Rainer sah sich verschiedenste linke Gruppierungen an und bei keiner, ausser den Trotzkisten, fand er einen Arbeiter. Überhaupt war alles sehr merkwürdig, wenn linke Gruppierungen (SEW, DKP) von Errungenschaften sprachen, während man den “realen” Sozialismus für 25 Mark Eintrittsgebühr besuchen konnte und das heruntergedimmte Licht in Straßen voller verkommener Altbauten den wirklichen Sozialismus zeigte. Bei uns wiederum wurde Kritik am Westen mit dem einfachen Satz, “Geh doch ‘rüber” plattgebügelt.

Während mich das Scheitern der 68er Revolte ins Abseits schickte. Abitur und Studium war mir verwehrt und ich habe mich wohl auch freiwillig für einige Zeit in den Schmollwinkel zurück gezogen, begann Rainer eine Lehre in einer Siebdruckerei. Aber er wollte doch noch sein bildnerisches Talent zum blühen bringen und bemühte sich um ein Studium an der Hochschule der Künste (heute UdK).

Es war ein Abend im Jahr 1973, als er mir seine Mappe zeigte, er hatte den Tag im Zoo verbracht und Tiere gezeichnet, in Vorbereitung auf seine Aufnahmeprüfung. Zum ersten Mal sah ich sein Talent und war beeindruckt. Er studierte dann mit dem kleinen Matrikel. Er startete mit freier Malerei, wechselte zu experimenteller Grafik, dann zu Grafik Design. Während er sich zuerst ernsthaft mit den realistischen Details von Reflexen auf Wasserhähnen malerisch herumschlug wollen seine Jahrgangskommilitonen, die Jungen Wilden, mit der Attitüde von Frühvollendeten Party feiern. Maler die den Habitus von Rockstars imitierten und sich anschickten das Niveau von Werbung glatt zu unterbieten. Damals, vor der Verschulung des Studiums konnte man noch vielseitig und selbstbestimmt Seminare auswählen und Rainer belegte einige der Film-und Fernseh Akademie und bei den Architekten.
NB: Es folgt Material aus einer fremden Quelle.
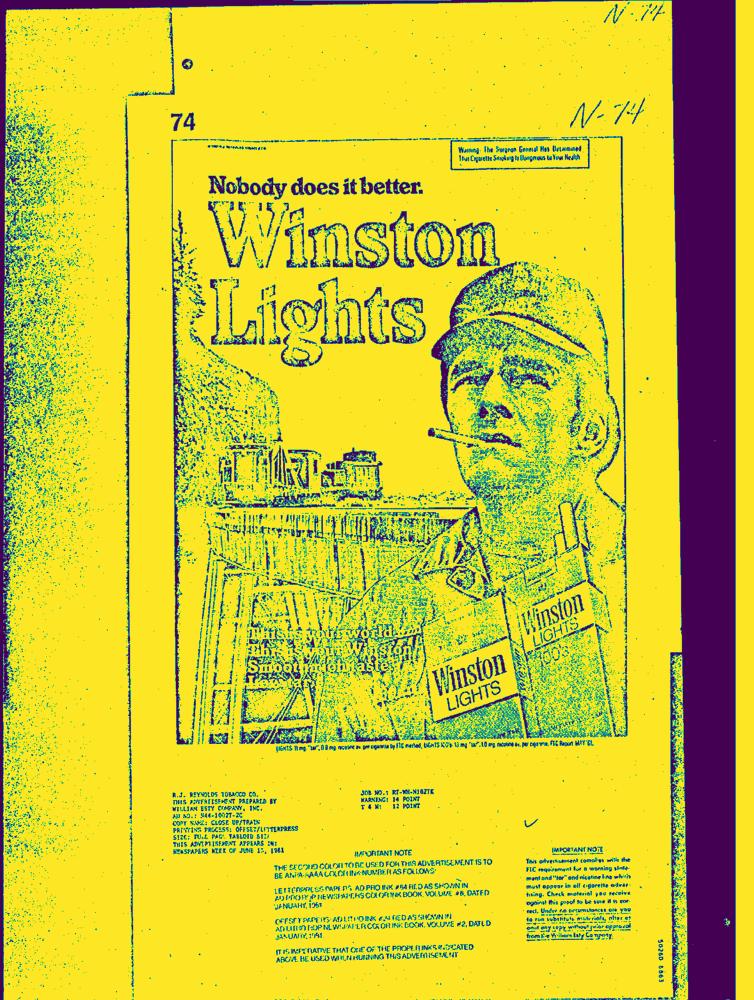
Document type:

Der Kunsthistoriker Freiherr von Löhneysen, der Schopenhauer textkritisch bearbeitete, beeindruckt Rainer. Er ist Führer bei einer Studienreise durch die norditalienischen Städte, wo man die Entstehung der Perspektive studiert. Gern hätte ich ihn begleitet, wenn meine Reiseunlust mich nicht zurückgehalten hätte. Am liebsten fahre ich dorthin, wo ich schon mal war. Zum Beispiel Bretignolles-sur-mer, wo ich schon öfter war. So verbringen wir 1975 vier Wochen in Frankreich, hören Pink Floyd, kucken auf Kühe und feiern den 14. Juli mit den Dörflern.

Zurück in Berlin macht Rainer Multimedia, ich kann mich noch an einen unendlich schweren portablen U-Matic Videorekorder erinnern, mit dem man schwarz-weiße Bilder aufzeichnen konnte. Wir filmten im Tiergarten in den Ruinen des Diplomatenviertels zur Musik von Django Reinhardt. Vielleicht hat mich diese Erfahrung auf eine Schiene gesetzt, die mich später zu 20 Jahren professioneller TV-Produktion gebracht hat.
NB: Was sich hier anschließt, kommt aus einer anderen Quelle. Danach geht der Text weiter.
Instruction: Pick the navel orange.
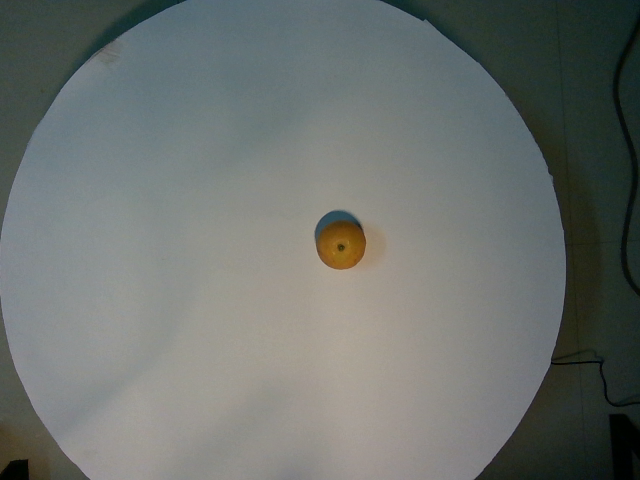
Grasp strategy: vertical

In dieser Zeit ziehen wir oft um die Häuser, um am Morgen noch lange Gespräche zu führen. Manchmal zeichnet Rainer, z. B. mich während ich englischsprachige Songtexte schreibe, passend garniert mit USA-Attributen. Deutsch zu singen kann ich mir damals nur schwer vorstellen. Überhaupt prägte uns amerikanische Popkultur, die im West-Berlin der Nachkriegsjahrzehnte omnipräsent war. Wir gehen gemeinsam in die Off-Kudamm-Kinos, schauen uns Orginalfassungen mit und ohne Untertitel an. Schwarze Serie und andere Hollywoodstreifen, aber auch anspruchsvolle europäische Filme. Video gibt es noch nicht für Normalsterbliche und im Fernsehen regiert dröges Mittelmaß, das vom Dritten Programm manchmal durchbrochen wird.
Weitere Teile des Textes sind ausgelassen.